Elsewhere, “Charley” waltzes cheerfully through its three-chord pattern, despite some quite dark imagery. “In my concrete cell is an unknowing hell / and I’m starting to find / I’m stuck for good in my concrete bind”. It’s probably a metaphor, but it’s striking, and catchy, like a folksier version of Powderfinger.

The best lyric comes from “Misbehaving”, an interesting approach to the old carpe diem trope. “Time’s worth saving as long as I can spend it on you / because while we’re aging we’re starting something new”. With that though comes the band’s least confident delivery. The harmonies in the chorus seem under-performed, and a long guitar solo, while technically interesting, feels oddly out of place.

But in seven minute closer “Long Way Down”, they know what they’re doing. There’s hardly any verse, just glorious chorus. The details don’t matter. Only the experience, the elongated “I” which they sing in unison becomes a lonely, wordless cry, ready to be taken up by a thousand other voices. It is this anthemic style which Sleepy Dreamers seem most comfortable with, and that’s what you should expect from them in the future. If you want to sing along, “Creatures” is a promising debut from a band which, with your help, could soon be enjoying great success.

Creatures is available on Bandcamp now.

Review: Brighter Later, The Wolves

The Wolves
Image Courtesy of Brighter Later

When I first heard “The Woods”, the debut single from Melbourne’s Brighter Later, I was very excited about the album that was to follow. Much has already been said about their influences, from the psych-folk of Grizzly Bear, to the dream pop of Beach House, the slow swoon of Mazzy Star, and of course the Nick Drake album from which we all presume the group took its name.
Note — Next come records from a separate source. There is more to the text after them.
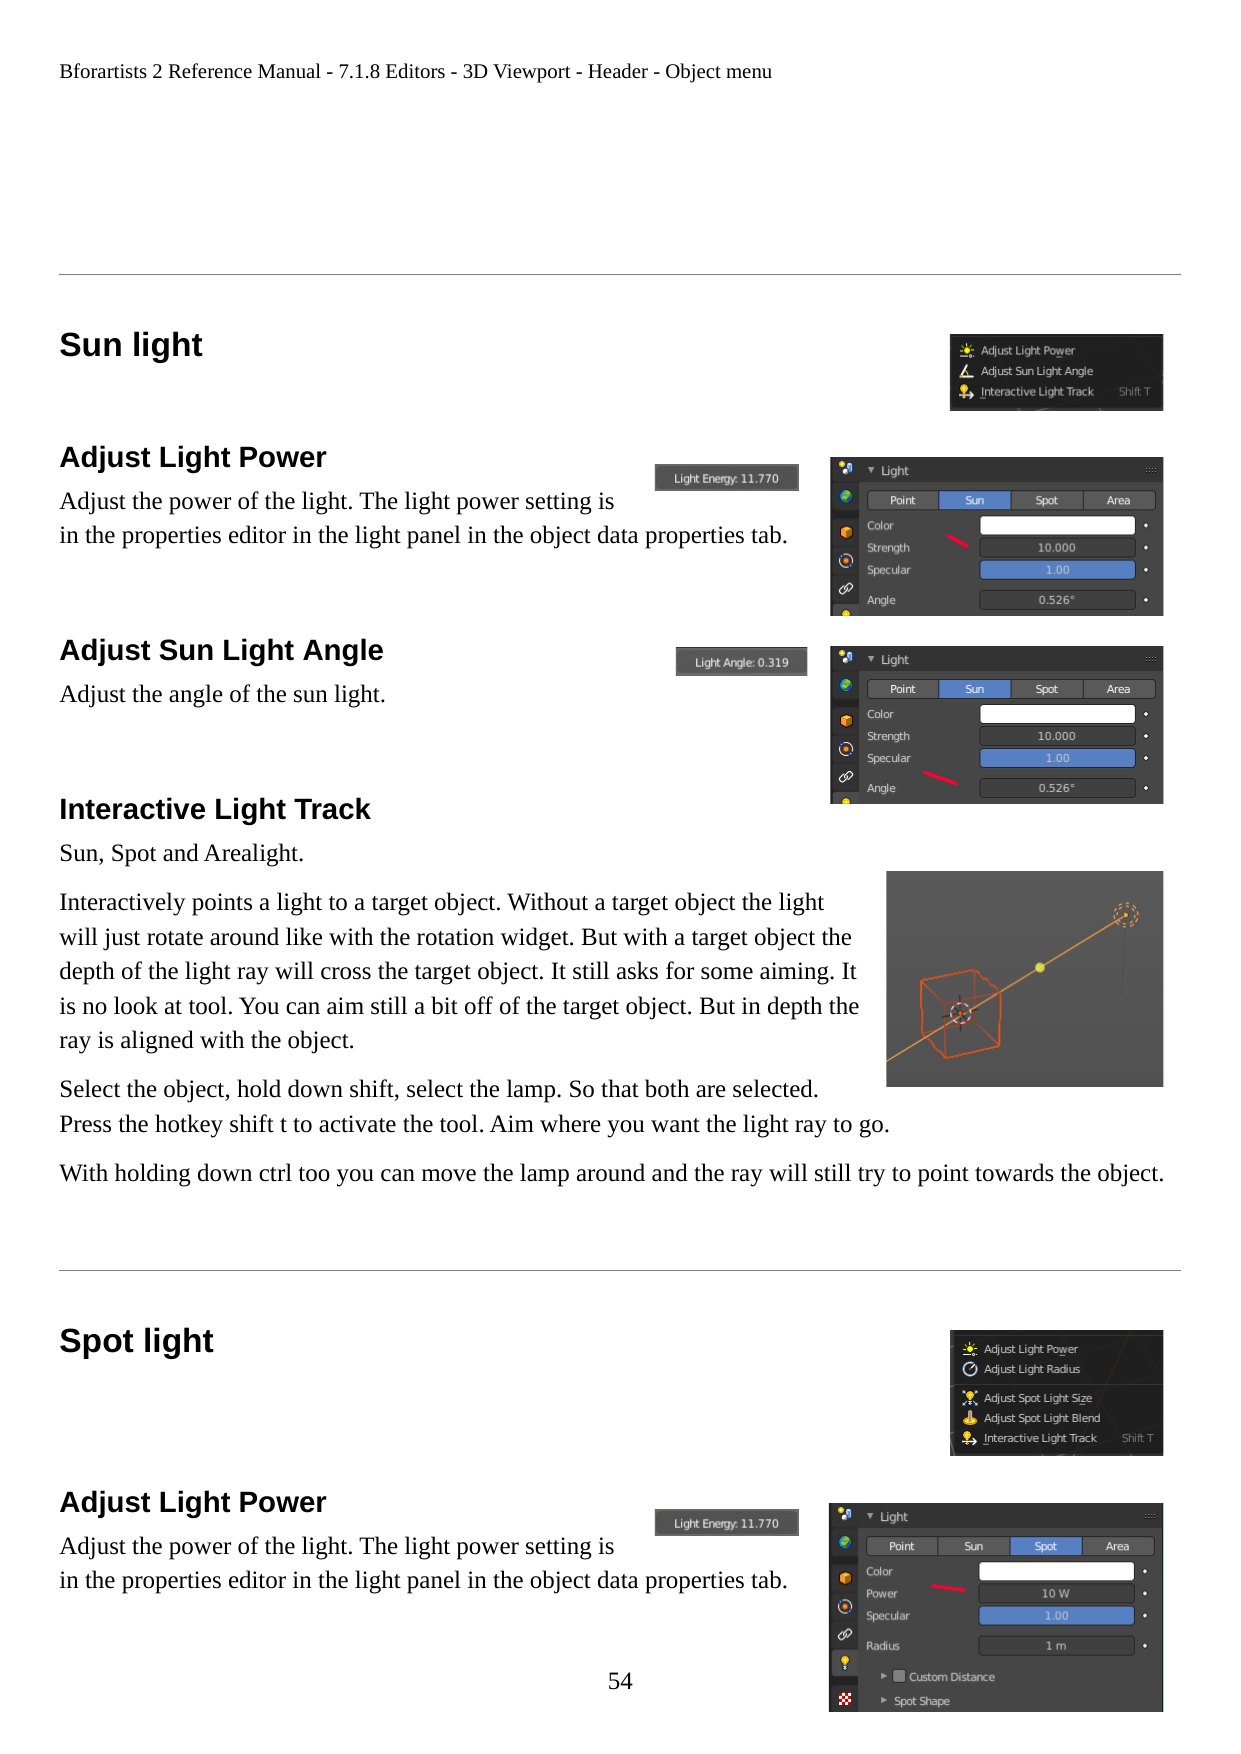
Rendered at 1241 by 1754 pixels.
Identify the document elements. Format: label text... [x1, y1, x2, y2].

text Adjust the power of the light. The light power setting is in the properties editor in the light panel in the object data properties tab. [59, 486, 830, 549]
picture [675, 647, 808, 676]
subtitle Sun light [59, 325, 1181, 363]
picture [654, 464, 799, 491]
picture [949, 334, 1164, 411]
text Sun, Spot and Arealight. [59, 838, 1181, 867]
picture [886, 871, 1164, 1087]
picture [950, 1330, 1164, 1456]
text Select the object, hold down shift, select the lamp. So that both are selected. Press the hotkey shift t to activate the tool. Aim where you want the light ray to go. [59, 1074, 1181, 1137]
picture [830, 646, 1164, 804]
subtitle Adjust Light Power [59, 439, 1181, 473]
text Interactively points a light to a target object. Without a target object the light will just rotate around like with the rotation widget. But with a target object the depth of the light ray will cross the target object. It still asks for some aiming. It is no look at tool. You can aim still a bit off of the target object. But in depth the ray is aligned with the object. [59, 887, 886, 1054]
subtitle Spot light [59, 1321, 1181, 1359]
text With holding down ctrl too you can move the lamp around and the ray will still try to point towards the object. [59, 1158, 1181, 1187]
picture [830, 457, 1164, 616]
text Adjust the angle of the sun light. [59, 679, 830, 708]
picture [828, 1503, 1164, 1712]
subtitle Adjust Sun Light Angle [59, 633, 1181, 667]
subtitle Adjust Light Power [59, 1485, 1181, 1518]
picture [654, 1509, 799, 1536]
subtitle Interactive Light Track [59, 792, 1181, 826]
text Adjust the power of the light. The light power setting is in the properties editor in the light panel in the object data properties tab. [59, 1531, 828, 1594]

These are useful reference points, habitual conversational shorthand. But listening to The Wolves for the first time, I found these comparisons somewhat arbitrary. It didn’t take me long to realise that Jaye Kranz and Virginia Bott have created something more than trendy.
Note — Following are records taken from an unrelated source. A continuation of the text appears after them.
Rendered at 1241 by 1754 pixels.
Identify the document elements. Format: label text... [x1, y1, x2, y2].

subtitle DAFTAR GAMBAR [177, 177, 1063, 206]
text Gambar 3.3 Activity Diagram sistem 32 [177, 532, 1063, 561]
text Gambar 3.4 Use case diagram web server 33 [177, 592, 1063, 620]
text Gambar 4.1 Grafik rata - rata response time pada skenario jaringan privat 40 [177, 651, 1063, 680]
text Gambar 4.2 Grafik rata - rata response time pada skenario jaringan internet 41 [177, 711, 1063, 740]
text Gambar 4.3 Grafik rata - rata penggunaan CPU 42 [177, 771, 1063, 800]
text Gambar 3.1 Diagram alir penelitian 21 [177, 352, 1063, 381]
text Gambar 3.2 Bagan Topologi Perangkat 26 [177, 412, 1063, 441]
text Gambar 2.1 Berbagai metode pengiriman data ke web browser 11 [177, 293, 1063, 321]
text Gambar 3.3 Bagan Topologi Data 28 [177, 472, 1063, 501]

Opening track “All the World” is a promise, the crystalline chime of a Rhodes piano like a cool breeze, the shimmering of electric guitar and auto-harp like running water in the distance. The sheer depth of sound belies the DIY recording process the press release describes. Lo-fi recording often presents a realism that is fastidiously scrubbed away by commercial production and I can hear that realism. The acoustics of the church they recorded in, the creeks and cracks and small sonic accidents are all proudly preserved.

But there is a precision in the way these sounds are arranged which could only have been crafted. All the elements are carefully mixed to create a unique and fascinating texture, which surprises at every listen. It’s the kind of sound you’d expect from a dozen musicians in a world-class studio.
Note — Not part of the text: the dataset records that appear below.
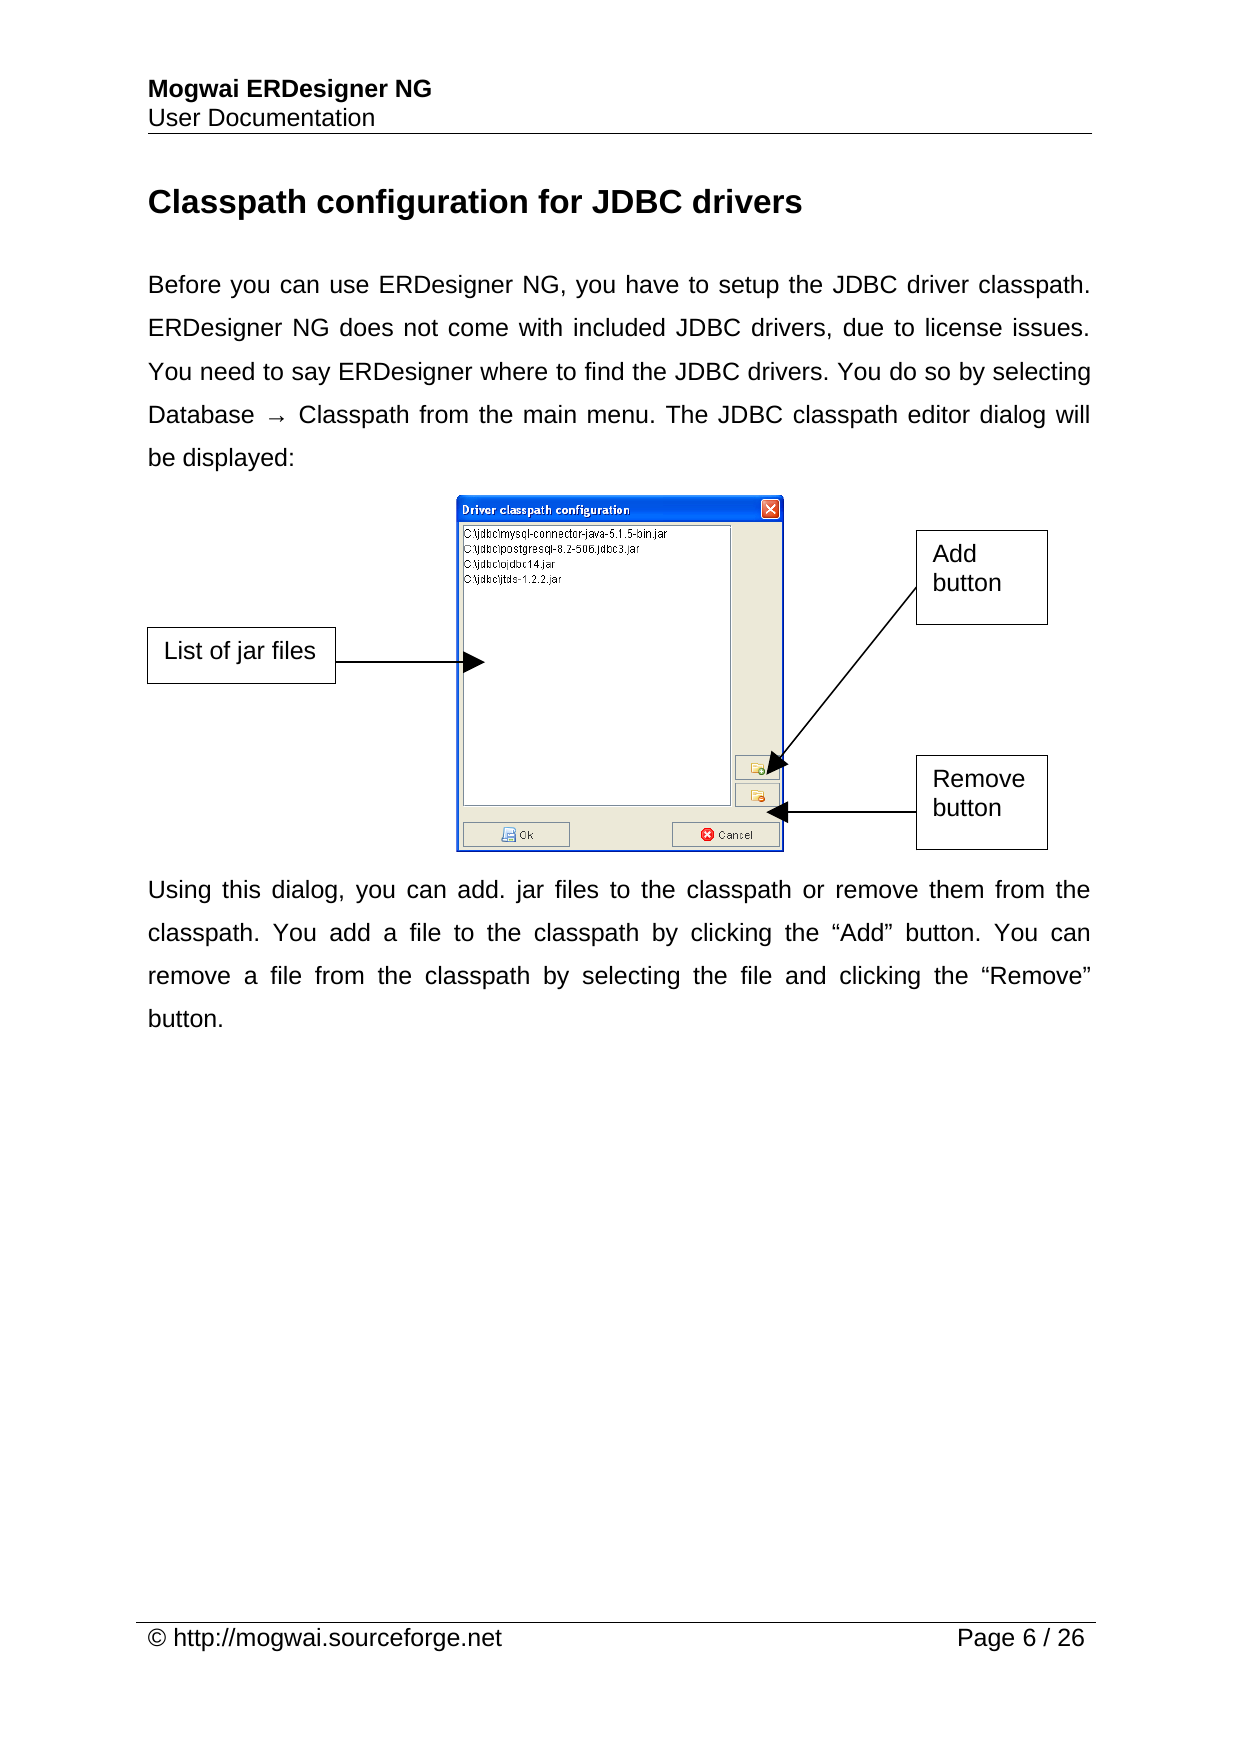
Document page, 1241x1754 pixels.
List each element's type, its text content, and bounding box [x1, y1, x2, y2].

text Before you can use ERDesigner NG, you have to setup the JDBC driver classpath. ERDesigner NG does not come with included JDBC drivers, due to license issues. You need to say ERDesigner where to find the JDBC drivers. You do so by selecting Database → Classpath from the main menu. The JDBC classpath editor dialog will be displayed: [148, 270, 1092, 471]
picture [456, 495, 784, 852]
subtitle Classpath configuration for JDBC drivers [148, 182, 1092, 221]
text Add button [932, 539, 1032, 597]
text List of jar files [163, 636, 319, 664]
text Using this dialog, you can add. jar files to the classpath or remove them from the classpath. You add a file to the classpath by clicking the “Add” button. You can remove a file from the classpath by selecting the file and clicking the “Remove” button. [148, 875, 1092, 1033]
text Remove button [932, 764, 1032, 822]

Even in its sparser moments, The Wolves tries to offer something new. In “Magnolia”, a tremulous vibraphone hovers over Kranz’s acoustic guitar, like a relic from an old record, warped by time. It’s simple, but eerie, somehow alien, and the whole song twists itself around it.

Many reviews have spoken about how The Wolves acts as an experience, a journey into another world. This is what I expected to take from it. On first listen, I eagerly immersed myself in its layers of sound, imagining a review which raved about how the album isn’t dead yet, the kind of thing people often say about slow, cerebral song cycles. I could have written all that, and it would have been true.

But away from my headphones, I was surprised to discover that it wasn’t the sound, or even the experience that stayed with me. When I thought about it, what immediately sprung to mind was the dry humour in “All the Great Lakes”. “I took every road, just to see what it takes. I think I see now”. Or the way “Slow Roller” is classic Australian country music in drag. Or the ethereal whimsy of “Another Day”. “I won’t calculate the latitude, if you won’t calculate the magnitude”. Or even the breath-taking coda to second single “Come and Go”, true musical perfection if I ever heard it.

In a recent interview, Kranz professed that in her opinion, the best songs are the simplest. “The bones are the bones,” she said, “and in no time, they’ll be what remains – what the song leaves behind”. She is true to her word. Under the skin, what is left is honest folk balladry; songs which would be just as affecting with only a voice and guitar to perform them.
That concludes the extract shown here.